# Mister Metokur's new video about furry fandom



## Gradiusgadwin (Sep 8, 2019)

I'll just leave this here

www.bitchute.com: MisterMetokur


__ https://twitter.com/i/web/status/1170463537233186816


----------



## Gryphoneer (Sep 8, 2019)

Isn't Metokur aka Internet Aristocrat one of the original Gamergate bigwigs and Bitchute the video hoster nazis use if they get banned from Youtube?

...yeah, gonna pass on watching that, sorry.


----------



## Apoc-Volkov (Sep 8, 2019)

It really is astonishing, the lengths to which some people can and will mutilate themselves in order to satisfy some ephemeral itch or desire.

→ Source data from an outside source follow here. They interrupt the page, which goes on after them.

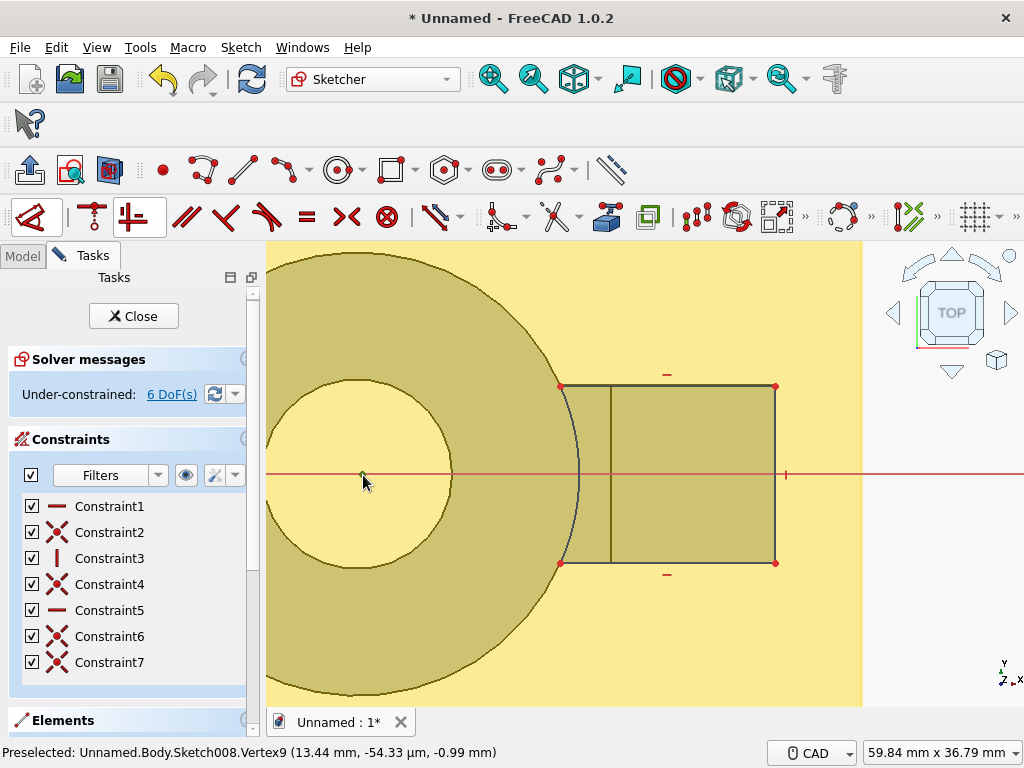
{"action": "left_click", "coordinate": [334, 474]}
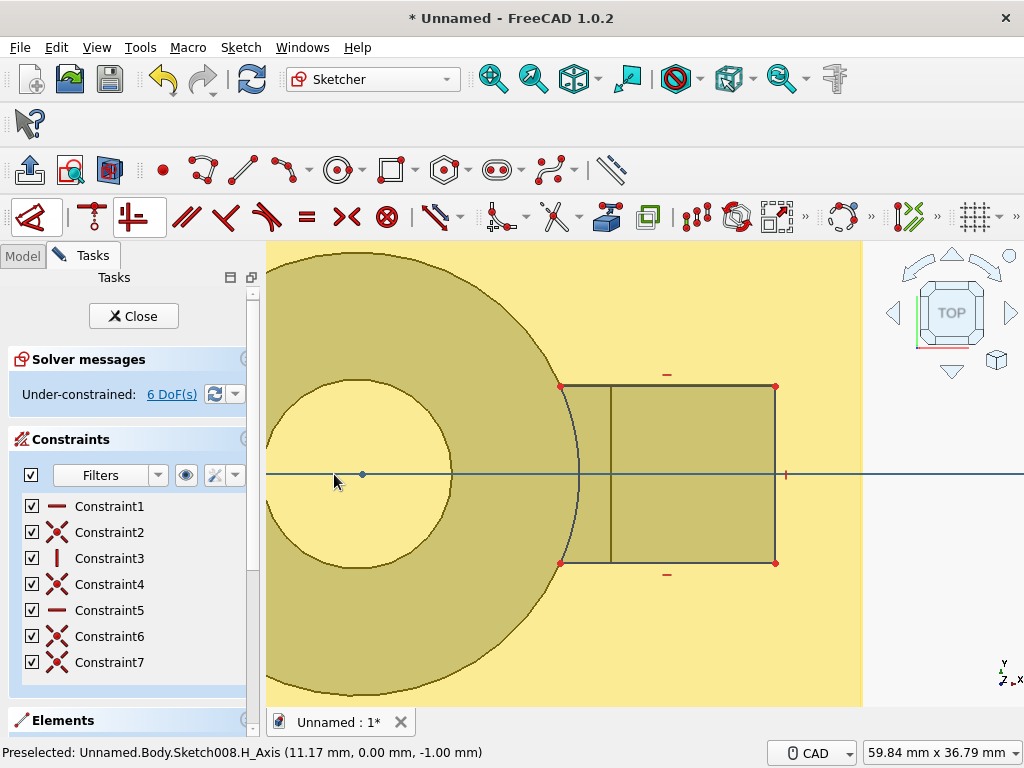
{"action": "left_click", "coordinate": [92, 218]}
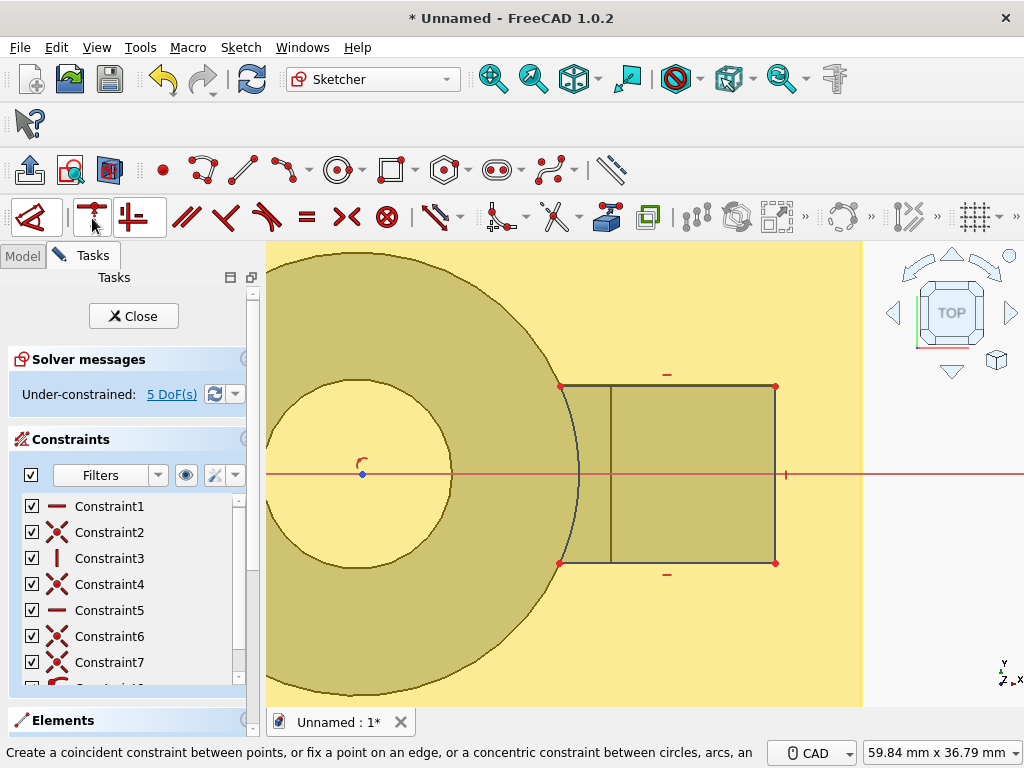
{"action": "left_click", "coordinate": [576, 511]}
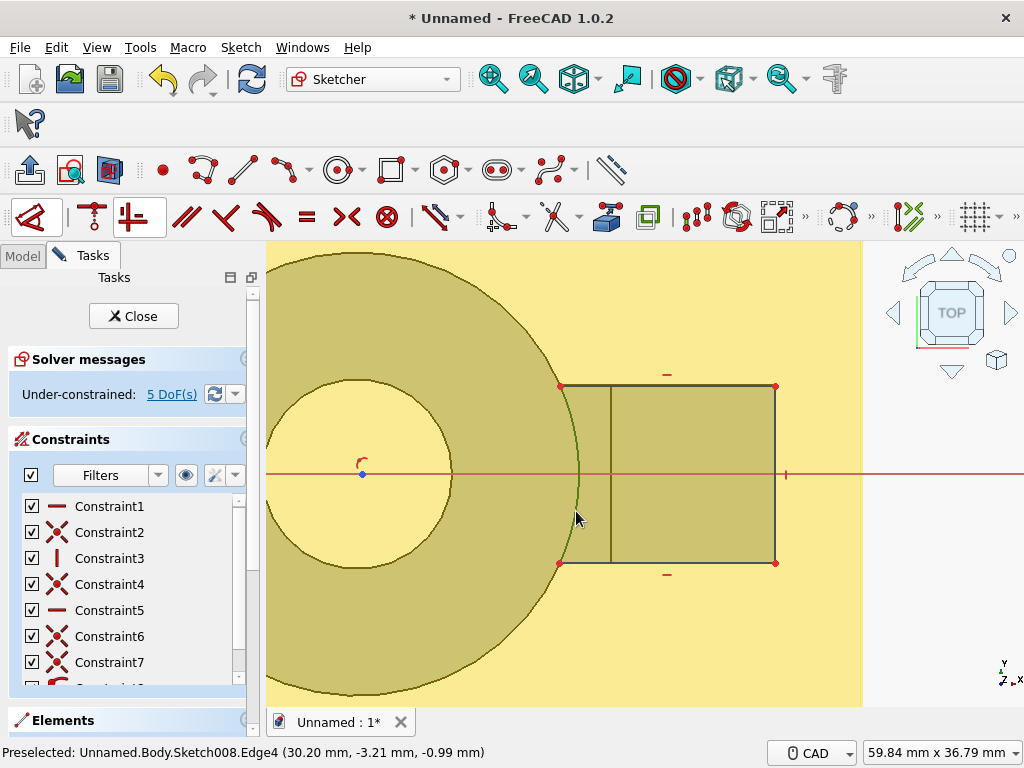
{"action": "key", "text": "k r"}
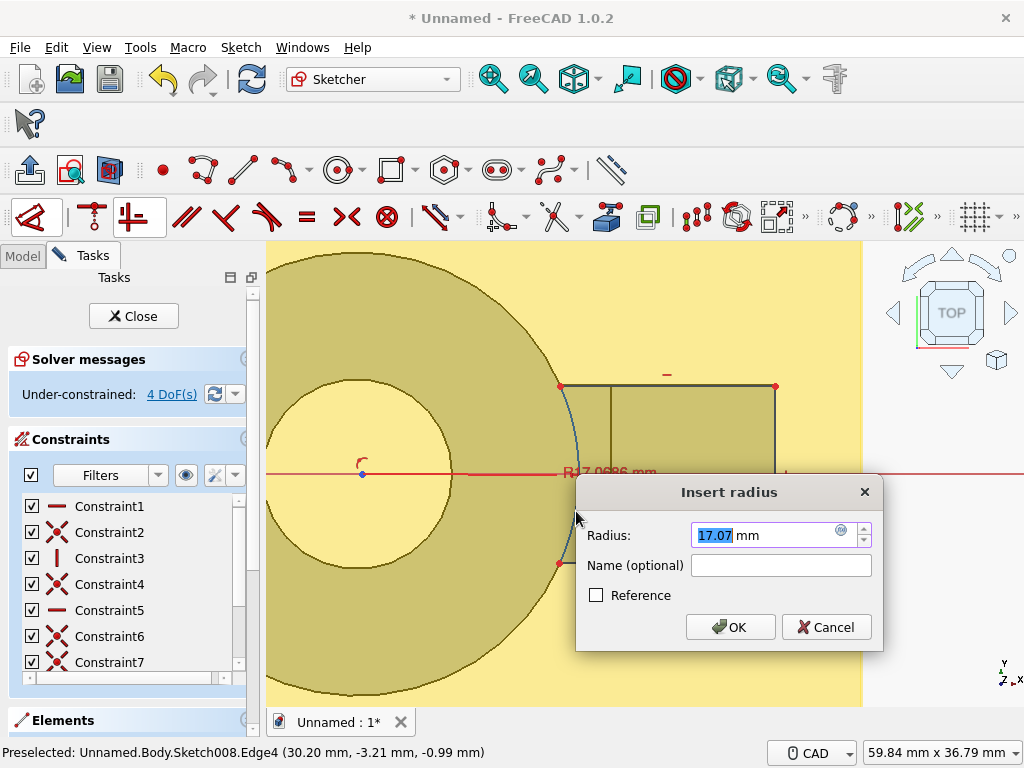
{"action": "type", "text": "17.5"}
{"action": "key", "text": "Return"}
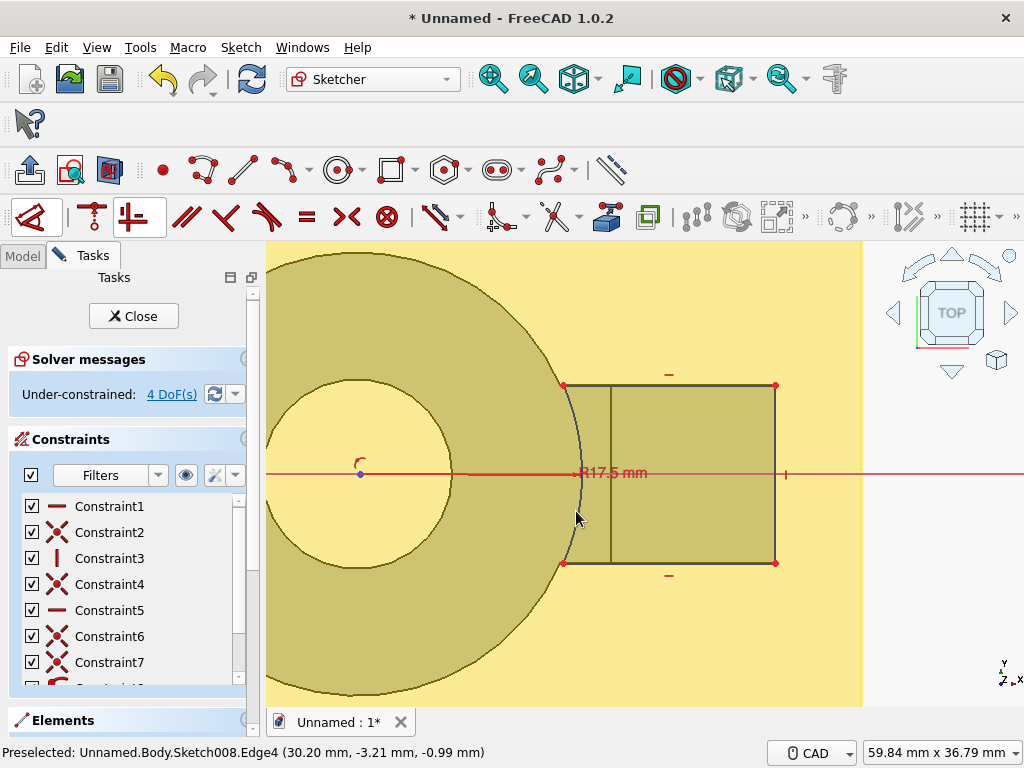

Admittedly, that's the first time I've ever heard of anyone doing that using copious amounts of dry ice.

As for Metokur's portrayal of everything so far, it's about what you'd expect out of him: content that fixates on the weird and unusual for shock humour, especially when it involves vocal minorities leaving behind quite the publicly-available documentation of their antics for him to follow.


----------



## Marius Merganser (Sep 8, 2019)

Gryphoneer said:


> Isn't Metokur aka Internet Aristocrat one of the original Gamergate bigwigs and Bitchute the video hoster nazis use if they get banned from Youtube?
> 
> ...yeah, gonna pass on watching that, sorry.



Good to know.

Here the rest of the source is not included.